Extremely rare case of death from bat rabies in France

Most bats do not have rabies. According to the US Centers for Disease Control and Prevention (CDC), even among bats submitted for rabies testing, only about 6% had rabies. Rabies can only be confirmed in a laboratory but any bat that is active by day or is found in a place where bats are not usually seen like in your home or on your lawn or attic could be rabid. A bat that is weak and unable to fly could potentially be sick.

A man died of rabies in Limoges, in southwest central France, most probably after being bitten or scratched by a bat, as reported recently by the Institut Pasteur. This is a first in mainland France.  The sixty-year-old succumbed to encephalitis, an inflammation of the brain of unexplained origin, in August 2019. A partnership established between the Necker hospital and the Pasteur Institute, aimed at identifying the causes of undocumented encephalitis, led to the genetic analysis of post-mortem samples. These analyzes at Necker Hospital in Paris showed that he had contracted a lyssavirus, European Bat LyssaVirus type 1 (EBLV-1), sheltered by bats.

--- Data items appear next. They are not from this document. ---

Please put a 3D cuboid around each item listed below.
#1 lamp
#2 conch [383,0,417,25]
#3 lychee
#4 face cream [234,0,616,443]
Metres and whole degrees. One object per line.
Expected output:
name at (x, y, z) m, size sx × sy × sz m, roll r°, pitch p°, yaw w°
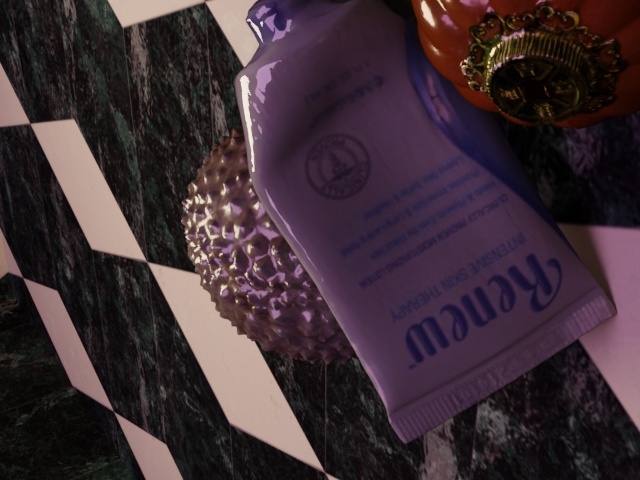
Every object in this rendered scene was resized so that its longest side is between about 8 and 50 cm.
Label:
lamp at (0.177, -0.183, 0.855) m, size 0.223 × 0.223 × 0.197 m, roll 122°, pitch 168°, yaw -58°
conch at (0.100, -0.308, 0.974) m, size 0.220 × 0.195 × 0.277 m, roll 45°, pitch 128°, yaw -1°
lychee at (-0.003, 0.002, 1.214) m, size 0.300 × 0.300 × 0.300 m, roll 42°, pitch 142°, yaw 45°
face cream at (0.068, -0.046, 1.036) m, size 0.420 × 0.234 × 0.137 m, roll 58°, pitch 179°, yaw -9°
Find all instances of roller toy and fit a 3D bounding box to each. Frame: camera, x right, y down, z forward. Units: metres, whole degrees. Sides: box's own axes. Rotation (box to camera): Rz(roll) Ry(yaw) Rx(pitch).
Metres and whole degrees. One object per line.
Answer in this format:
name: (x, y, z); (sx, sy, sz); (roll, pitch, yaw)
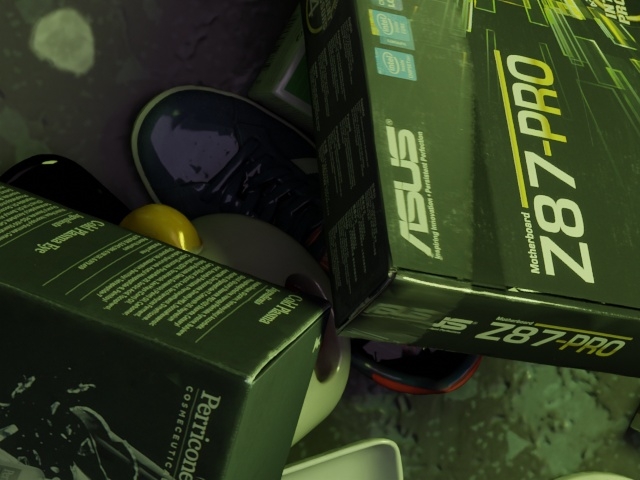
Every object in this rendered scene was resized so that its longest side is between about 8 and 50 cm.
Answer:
roller toy: (-0.086, 0.085, 1.206); (0.191, 0.146, 0.209); (34, 126, 18)

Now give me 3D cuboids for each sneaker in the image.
sneaker: (0.000, 0.000, 1.276); (0.350, 0.148, 0.131); (38, 86, -13)

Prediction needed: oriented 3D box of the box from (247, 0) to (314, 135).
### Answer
box: (0.008, -0.141, 1.289); (0.087, 0.102, 0.101); (30, 87, -15)

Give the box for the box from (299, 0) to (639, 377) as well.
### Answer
box: (0.147, -0.098, 1.195); (0.318, 0.097, 0.394); (10, 56, -24)

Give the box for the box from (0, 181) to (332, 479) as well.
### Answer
box: (-0.200, 0.162, 1.077); (0.313, 0.179, 0.343); (19, 108, 11)

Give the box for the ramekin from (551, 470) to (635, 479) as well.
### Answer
ramekin: (0.253, 0.316, 1.382); (0.207, 0.109, 0.207); (-1, 96, -12)

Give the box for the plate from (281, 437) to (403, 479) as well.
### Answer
plate: (-0.060, 0.293, 1.300); (0.277, 0.045, 0.278); (-15, 124, -10)

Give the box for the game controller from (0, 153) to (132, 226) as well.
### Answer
game controller: (-0.273, 0.080, 1.246); (0.319, 0.067, 0.166); (-49, 136, -5)

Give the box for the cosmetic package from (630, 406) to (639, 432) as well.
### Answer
cosmetic package: (0.334, 0.133, 1.418); (0.060, 0.041, 0.115); (29, 88, -13)
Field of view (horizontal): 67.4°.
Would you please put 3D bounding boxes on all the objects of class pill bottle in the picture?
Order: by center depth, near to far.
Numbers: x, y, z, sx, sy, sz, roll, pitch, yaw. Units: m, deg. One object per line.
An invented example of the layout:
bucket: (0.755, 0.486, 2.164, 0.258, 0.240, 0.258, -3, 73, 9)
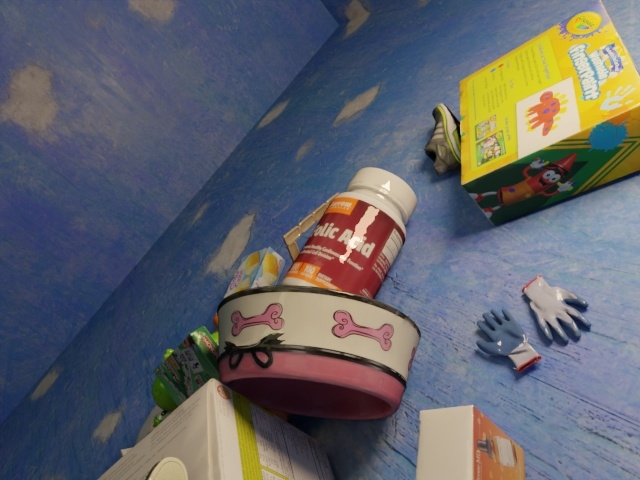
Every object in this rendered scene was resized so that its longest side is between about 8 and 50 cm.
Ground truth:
pill bottle: (0.084, 0.018, 1.239, 0.224, 0.224, 0.392, 1, 54, 53)

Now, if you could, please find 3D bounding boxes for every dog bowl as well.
dog bowl: (-0.014, 0.239, 0.937, 0.408, 0.408, 0.150, -19, 50, 40)

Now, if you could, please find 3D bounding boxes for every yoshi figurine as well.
yoshi figurine: (-0.317, 0.346, 1.300, 0.203, 0.203, 0.362, -28, 18, 46)

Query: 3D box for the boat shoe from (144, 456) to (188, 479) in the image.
boat shoe: (-0.241, 0.409, 0.632, 0.079, 0.084, 0.233, -22, 42, 32)

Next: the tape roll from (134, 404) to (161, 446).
tape roll: (-0.447, 0.564, 1.414, 0.219, 0.072, 0.219, -33, 31, 23)

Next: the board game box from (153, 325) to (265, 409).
board game box: (-0.235, 0.374, 1.093, 0.213, 0.317, 0.046, -43, -8, 37)

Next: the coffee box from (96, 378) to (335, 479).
coffee box: (-0.167, 0.525, 0.816, 0.338, 0.334, 0.338, -42, 32, 8)

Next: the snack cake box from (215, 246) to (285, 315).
snack cake box: (-0.235, 0.162, 1.622, 0.152, 0.089, 0.264, -19, 39, 39)

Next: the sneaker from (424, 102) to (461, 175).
sneaker: (0.358, -0.301, 1.408, 0.121, 0.111, 0.300, -36, 28, 27)

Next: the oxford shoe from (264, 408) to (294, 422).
oxford shoe: (-0.176, 0.443, 1.199, 0.364, 0.130, 0.133, -29, 0, 40)

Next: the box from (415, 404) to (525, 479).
box: (0.224, 0.341, 0.704, 0.091, 0.170, 0.130, -23, 37, 36)

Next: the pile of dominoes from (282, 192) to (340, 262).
pile of dominoes: (0.000, 0.000, 1.341, 0.040, 0.196, 0.251, 12, 42, 42)

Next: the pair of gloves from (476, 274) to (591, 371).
pair of gloves: (0.383, 0.154, 0.885, 0.198, 0.023, 0.159, -40, 28, 10)

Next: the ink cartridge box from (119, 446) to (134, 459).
ink cartridge box: (-0.326, 0.540, 1.109, 0.223, 0.224, 0.045, 23, 107, 53)

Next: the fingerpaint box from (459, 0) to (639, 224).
fingerpaint box: (0.528, -0.296, 1.113, 0.371, 0.163, 0.444, -25, 35, 35)
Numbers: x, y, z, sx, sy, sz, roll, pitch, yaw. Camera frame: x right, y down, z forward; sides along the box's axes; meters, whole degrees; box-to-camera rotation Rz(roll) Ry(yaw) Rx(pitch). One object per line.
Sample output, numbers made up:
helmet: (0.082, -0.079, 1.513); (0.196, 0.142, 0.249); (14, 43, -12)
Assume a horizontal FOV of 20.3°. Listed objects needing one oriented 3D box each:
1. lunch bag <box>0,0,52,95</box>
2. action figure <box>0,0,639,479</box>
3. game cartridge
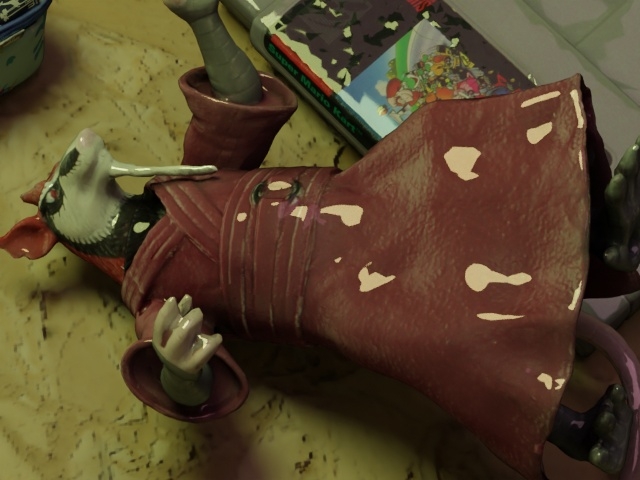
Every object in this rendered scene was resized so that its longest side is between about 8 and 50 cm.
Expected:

“This shows that there are cases of rabies that we can miss”

“It is thanks to this retrospective diagnosis that this case was brought to light. This shows that there are cases of rabies that can be missed, ” explained Laurent Dacheux, deputy head of the national reference center for rabies at the Institut Pasteur.

“The trace of this virus was identified at that time, in November 2020. In the midst of the coronavirus , and this discovery went unnoticed”, continues Laurent Dacheux. This exceptional case was finally mentioned in a popular science article on the Mesvaccins.net site and highlighted by the regional daily Le Populaire du Center .

In contact with bats

“It has been thirty-five years since a death of this type has occurred in the world. And in mainland France, this is indeed a first,” assures Laurent Dacheux.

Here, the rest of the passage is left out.